### WORK TO BE COMPLETED
Could you return every line of the records below that contains the word "Jednostkowa"?

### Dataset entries
BEGIN
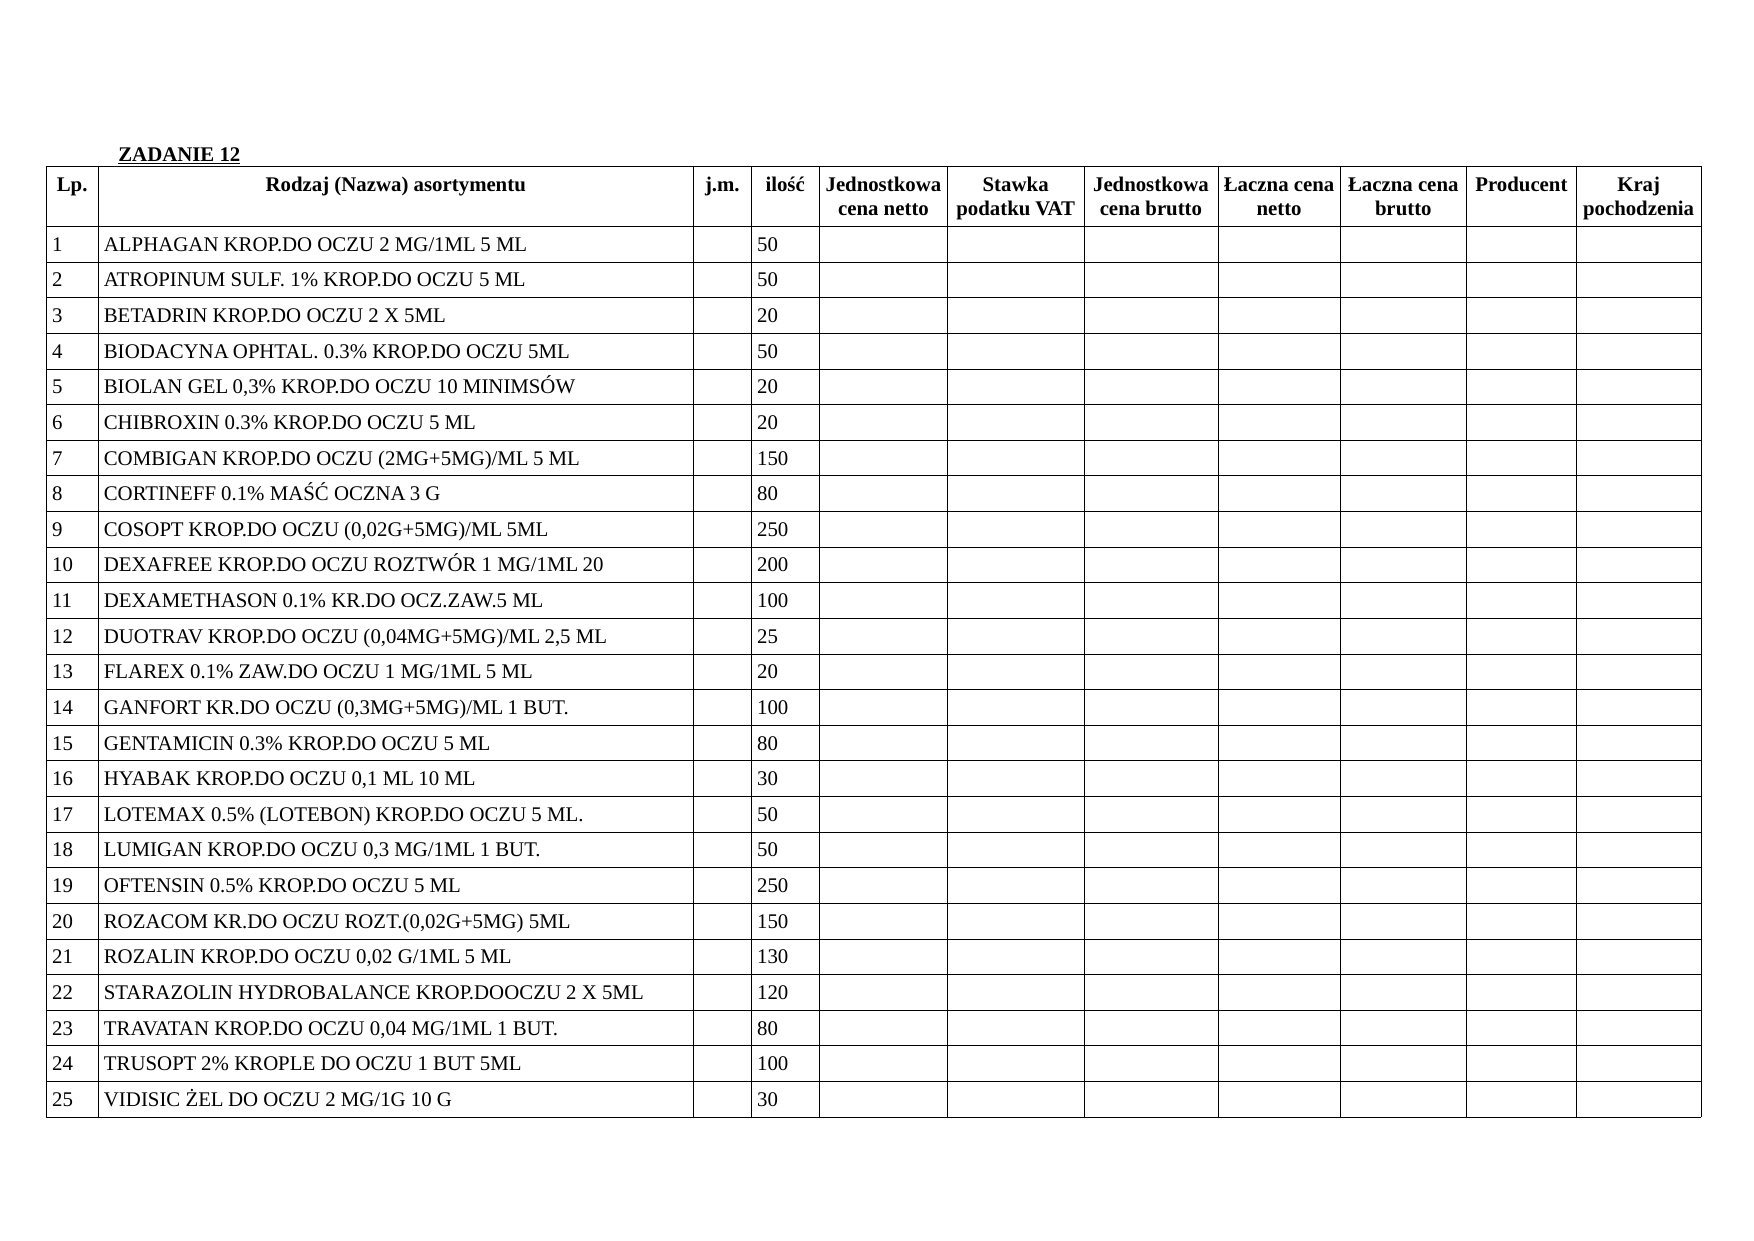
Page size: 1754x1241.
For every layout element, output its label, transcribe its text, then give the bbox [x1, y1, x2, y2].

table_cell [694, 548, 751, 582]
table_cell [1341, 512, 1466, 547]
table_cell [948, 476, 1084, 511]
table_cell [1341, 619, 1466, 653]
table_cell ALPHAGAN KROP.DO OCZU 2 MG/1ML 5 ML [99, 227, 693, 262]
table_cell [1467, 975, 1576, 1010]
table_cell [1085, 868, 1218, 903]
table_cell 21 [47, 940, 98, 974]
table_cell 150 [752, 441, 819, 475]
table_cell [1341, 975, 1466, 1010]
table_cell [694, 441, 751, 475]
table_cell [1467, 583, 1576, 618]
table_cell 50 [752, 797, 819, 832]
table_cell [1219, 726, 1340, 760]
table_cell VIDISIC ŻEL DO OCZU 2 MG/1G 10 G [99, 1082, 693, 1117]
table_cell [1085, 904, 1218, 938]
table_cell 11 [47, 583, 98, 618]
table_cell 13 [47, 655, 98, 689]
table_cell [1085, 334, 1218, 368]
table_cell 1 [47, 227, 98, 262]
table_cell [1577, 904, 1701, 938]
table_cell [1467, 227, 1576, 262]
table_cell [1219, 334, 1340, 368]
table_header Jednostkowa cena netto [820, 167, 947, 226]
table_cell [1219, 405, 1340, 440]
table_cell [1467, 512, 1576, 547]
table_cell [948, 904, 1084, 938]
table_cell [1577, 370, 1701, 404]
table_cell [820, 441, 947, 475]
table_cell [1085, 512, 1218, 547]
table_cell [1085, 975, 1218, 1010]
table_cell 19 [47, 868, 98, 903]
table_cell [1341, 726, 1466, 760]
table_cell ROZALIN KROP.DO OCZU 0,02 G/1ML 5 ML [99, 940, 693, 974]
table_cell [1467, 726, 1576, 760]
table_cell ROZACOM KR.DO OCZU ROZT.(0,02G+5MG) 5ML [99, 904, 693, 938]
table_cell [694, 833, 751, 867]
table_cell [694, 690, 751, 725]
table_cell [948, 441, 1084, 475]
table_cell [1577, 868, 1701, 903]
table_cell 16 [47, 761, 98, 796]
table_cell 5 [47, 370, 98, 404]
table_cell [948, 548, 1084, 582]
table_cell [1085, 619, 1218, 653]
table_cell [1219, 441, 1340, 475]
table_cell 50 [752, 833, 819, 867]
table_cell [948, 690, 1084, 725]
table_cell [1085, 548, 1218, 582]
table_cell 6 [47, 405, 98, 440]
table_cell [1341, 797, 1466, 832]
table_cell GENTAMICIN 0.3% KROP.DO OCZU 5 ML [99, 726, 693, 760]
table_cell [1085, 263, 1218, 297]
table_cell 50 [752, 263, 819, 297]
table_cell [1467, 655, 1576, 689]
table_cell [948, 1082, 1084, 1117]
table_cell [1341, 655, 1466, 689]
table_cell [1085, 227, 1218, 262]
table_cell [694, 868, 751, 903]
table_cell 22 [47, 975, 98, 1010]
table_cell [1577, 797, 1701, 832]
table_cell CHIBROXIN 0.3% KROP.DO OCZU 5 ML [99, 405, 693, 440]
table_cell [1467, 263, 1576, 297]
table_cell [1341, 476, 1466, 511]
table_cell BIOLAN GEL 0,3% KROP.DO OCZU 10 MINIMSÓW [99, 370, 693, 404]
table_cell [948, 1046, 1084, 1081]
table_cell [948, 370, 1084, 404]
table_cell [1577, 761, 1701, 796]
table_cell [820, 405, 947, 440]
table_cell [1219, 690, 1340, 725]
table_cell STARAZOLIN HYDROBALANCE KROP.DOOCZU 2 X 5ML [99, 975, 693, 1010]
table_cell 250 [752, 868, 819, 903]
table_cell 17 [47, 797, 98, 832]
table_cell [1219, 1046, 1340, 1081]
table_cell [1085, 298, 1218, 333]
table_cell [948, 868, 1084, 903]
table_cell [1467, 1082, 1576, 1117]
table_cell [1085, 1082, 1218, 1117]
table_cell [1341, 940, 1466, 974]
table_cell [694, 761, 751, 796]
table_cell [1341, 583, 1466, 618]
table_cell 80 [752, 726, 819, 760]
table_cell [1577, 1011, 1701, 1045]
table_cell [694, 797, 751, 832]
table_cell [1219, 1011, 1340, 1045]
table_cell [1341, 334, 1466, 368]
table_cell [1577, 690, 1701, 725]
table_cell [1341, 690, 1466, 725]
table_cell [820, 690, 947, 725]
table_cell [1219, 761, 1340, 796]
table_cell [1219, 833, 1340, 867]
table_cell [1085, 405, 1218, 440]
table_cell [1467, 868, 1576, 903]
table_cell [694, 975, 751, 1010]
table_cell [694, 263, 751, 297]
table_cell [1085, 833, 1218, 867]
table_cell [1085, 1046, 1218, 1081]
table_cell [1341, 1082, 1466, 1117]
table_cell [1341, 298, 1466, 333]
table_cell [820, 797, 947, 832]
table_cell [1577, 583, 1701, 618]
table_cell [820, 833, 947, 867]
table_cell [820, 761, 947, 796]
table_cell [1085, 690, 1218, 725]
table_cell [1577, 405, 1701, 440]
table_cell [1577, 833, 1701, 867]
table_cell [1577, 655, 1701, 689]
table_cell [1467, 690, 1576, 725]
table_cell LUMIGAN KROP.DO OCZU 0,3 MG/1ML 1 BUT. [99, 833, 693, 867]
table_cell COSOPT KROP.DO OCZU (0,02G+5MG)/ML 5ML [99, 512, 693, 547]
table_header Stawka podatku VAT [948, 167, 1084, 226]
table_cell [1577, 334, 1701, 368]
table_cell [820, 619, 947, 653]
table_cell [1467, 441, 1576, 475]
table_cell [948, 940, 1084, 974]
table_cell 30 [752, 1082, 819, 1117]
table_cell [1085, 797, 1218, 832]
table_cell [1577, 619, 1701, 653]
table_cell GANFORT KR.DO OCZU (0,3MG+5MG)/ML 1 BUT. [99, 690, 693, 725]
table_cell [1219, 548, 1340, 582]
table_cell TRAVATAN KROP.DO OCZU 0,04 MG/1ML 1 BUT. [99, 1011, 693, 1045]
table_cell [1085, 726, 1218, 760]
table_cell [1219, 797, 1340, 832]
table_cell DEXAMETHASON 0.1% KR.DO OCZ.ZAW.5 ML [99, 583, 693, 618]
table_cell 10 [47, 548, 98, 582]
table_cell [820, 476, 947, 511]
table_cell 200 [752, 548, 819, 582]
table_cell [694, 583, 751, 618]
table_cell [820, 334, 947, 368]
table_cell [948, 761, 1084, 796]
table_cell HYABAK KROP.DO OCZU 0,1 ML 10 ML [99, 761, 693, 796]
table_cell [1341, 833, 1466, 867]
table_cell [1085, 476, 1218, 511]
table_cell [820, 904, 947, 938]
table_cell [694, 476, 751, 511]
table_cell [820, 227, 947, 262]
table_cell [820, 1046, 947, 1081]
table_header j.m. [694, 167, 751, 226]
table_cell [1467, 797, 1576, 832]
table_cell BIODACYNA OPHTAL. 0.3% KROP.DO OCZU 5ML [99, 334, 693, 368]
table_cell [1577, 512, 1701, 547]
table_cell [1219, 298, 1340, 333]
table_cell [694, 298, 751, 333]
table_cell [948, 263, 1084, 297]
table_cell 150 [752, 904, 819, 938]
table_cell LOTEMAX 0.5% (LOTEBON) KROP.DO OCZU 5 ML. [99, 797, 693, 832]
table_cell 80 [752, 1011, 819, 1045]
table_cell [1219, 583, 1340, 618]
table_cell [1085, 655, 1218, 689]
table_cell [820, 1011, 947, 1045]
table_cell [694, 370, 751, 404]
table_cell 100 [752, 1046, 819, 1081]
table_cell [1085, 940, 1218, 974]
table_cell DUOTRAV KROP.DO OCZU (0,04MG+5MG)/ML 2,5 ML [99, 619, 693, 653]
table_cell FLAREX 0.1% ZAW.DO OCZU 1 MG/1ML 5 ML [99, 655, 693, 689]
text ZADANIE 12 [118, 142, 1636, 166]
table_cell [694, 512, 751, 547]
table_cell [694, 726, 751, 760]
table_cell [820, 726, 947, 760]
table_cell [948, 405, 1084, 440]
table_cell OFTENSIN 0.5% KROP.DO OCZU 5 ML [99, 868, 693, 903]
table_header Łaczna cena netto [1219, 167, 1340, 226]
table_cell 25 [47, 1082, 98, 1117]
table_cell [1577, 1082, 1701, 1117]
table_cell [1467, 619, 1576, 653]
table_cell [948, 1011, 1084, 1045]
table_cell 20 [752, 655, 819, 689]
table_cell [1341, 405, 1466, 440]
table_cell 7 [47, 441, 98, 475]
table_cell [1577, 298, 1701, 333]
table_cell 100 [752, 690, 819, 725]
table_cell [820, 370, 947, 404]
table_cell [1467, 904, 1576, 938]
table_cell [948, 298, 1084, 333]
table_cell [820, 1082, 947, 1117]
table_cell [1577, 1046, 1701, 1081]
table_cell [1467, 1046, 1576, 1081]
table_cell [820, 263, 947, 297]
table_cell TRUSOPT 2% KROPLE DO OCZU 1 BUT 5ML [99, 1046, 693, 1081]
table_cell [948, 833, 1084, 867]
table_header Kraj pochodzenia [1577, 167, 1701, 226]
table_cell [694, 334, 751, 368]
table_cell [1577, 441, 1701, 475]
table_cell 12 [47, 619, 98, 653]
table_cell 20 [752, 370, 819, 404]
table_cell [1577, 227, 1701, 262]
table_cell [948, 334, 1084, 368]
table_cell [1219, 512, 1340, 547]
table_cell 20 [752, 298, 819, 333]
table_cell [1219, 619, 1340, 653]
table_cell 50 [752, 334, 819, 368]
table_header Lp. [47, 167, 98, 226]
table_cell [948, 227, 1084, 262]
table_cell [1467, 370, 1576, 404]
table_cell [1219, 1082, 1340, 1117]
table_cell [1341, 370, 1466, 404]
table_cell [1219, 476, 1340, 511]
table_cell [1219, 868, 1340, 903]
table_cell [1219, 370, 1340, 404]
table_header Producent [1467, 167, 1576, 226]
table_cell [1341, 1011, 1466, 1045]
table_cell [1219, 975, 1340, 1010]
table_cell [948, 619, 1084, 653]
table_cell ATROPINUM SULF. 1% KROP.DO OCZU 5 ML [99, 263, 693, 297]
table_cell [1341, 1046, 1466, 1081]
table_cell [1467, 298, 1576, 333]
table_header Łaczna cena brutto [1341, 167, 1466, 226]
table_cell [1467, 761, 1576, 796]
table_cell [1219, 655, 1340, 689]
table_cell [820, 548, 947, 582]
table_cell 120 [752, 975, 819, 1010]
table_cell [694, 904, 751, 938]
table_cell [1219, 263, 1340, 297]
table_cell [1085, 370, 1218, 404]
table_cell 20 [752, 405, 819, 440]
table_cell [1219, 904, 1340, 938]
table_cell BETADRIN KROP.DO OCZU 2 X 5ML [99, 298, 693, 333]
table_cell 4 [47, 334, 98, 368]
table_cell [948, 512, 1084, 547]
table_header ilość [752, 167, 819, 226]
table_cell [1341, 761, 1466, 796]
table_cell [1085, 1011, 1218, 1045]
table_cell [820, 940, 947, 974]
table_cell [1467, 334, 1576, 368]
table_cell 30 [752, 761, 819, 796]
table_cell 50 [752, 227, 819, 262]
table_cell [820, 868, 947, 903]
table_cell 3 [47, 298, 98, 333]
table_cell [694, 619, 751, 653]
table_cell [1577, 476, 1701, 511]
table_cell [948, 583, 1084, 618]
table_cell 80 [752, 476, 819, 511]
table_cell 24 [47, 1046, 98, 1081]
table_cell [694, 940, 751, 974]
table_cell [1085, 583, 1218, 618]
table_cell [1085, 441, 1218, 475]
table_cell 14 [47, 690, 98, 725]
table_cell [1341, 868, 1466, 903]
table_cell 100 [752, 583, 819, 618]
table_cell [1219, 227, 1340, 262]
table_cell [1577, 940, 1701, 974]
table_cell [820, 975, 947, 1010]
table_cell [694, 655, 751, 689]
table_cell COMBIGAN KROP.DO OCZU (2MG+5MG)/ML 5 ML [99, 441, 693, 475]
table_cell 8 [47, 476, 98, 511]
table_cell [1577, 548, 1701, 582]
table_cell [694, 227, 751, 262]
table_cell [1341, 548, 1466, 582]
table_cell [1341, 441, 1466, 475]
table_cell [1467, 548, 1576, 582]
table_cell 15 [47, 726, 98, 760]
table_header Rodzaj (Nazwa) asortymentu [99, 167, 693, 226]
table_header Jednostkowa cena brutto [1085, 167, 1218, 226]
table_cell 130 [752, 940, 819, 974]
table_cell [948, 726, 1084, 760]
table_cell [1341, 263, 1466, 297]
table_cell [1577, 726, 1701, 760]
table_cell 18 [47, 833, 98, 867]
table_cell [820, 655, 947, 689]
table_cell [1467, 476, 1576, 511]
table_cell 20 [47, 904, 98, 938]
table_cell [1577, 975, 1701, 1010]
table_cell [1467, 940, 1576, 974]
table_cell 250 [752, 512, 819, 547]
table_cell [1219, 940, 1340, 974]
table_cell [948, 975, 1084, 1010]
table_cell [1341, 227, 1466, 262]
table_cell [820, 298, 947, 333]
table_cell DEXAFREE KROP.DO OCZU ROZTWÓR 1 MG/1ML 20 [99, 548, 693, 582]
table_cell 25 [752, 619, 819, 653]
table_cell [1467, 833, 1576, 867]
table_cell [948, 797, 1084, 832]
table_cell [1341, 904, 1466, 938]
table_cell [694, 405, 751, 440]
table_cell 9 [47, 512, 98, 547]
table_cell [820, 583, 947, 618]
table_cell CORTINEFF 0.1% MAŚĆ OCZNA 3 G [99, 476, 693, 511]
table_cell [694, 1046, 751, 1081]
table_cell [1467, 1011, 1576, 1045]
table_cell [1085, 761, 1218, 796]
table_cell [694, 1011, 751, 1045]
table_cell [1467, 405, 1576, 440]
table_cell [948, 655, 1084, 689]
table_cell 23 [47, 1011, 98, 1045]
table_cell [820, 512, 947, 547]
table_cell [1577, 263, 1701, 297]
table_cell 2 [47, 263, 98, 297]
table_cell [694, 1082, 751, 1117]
END
### TASK OUTPUT
table_header Jednostkowa cena netto [820, 167, 947, 226]
table_header Jednostkowa cena brutto [1085, 167, 1218, 226]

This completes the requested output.